• _Data records_:
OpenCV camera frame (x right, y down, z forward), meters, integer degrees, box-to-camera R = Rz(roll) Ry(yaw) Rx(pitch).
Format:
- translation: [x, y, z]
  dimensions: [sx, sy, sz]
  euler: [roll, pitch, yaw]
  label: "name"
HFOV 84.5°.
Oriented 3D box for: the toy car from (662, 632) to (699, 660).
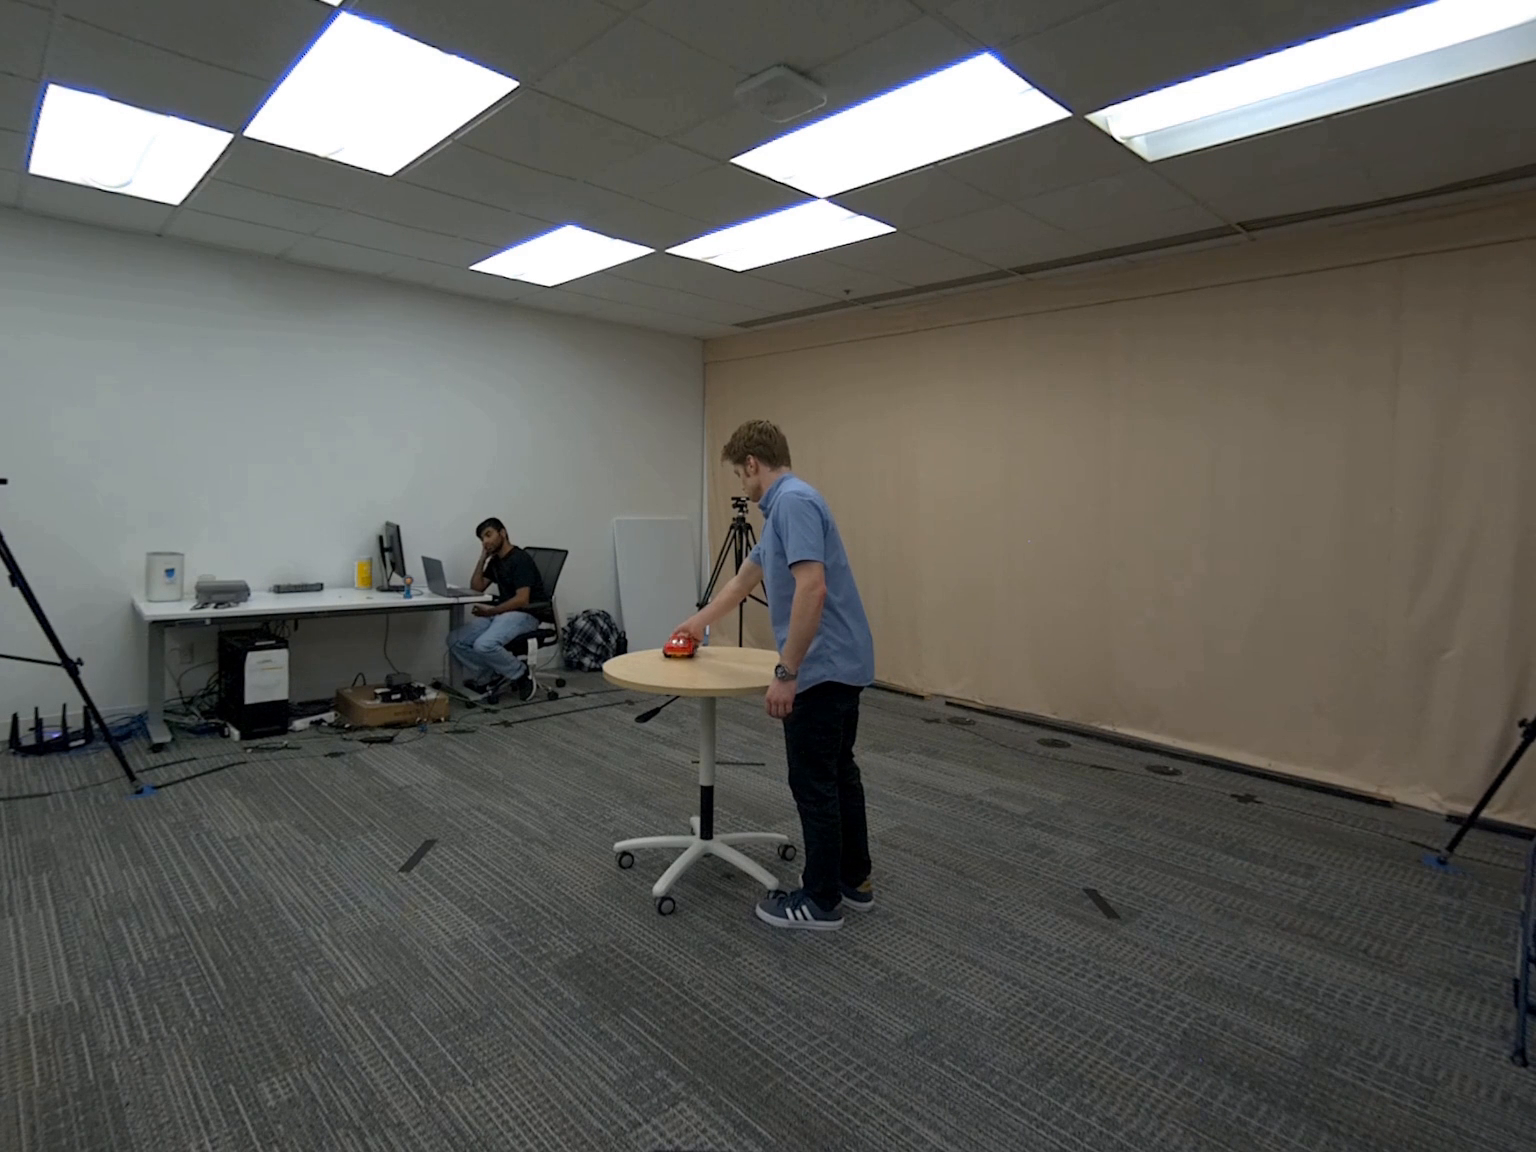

• _What you have to do_:
Would you show every line in the data above that contains the string "pitch"?

• _Problem solution_:
OpenCV camera frame (x right, y down, z forward), meters, integer degrees, box-to-camera R = Rz(roll) Ry(yaw) Rx(pitch).
  euler: [roll, pitch, yaw]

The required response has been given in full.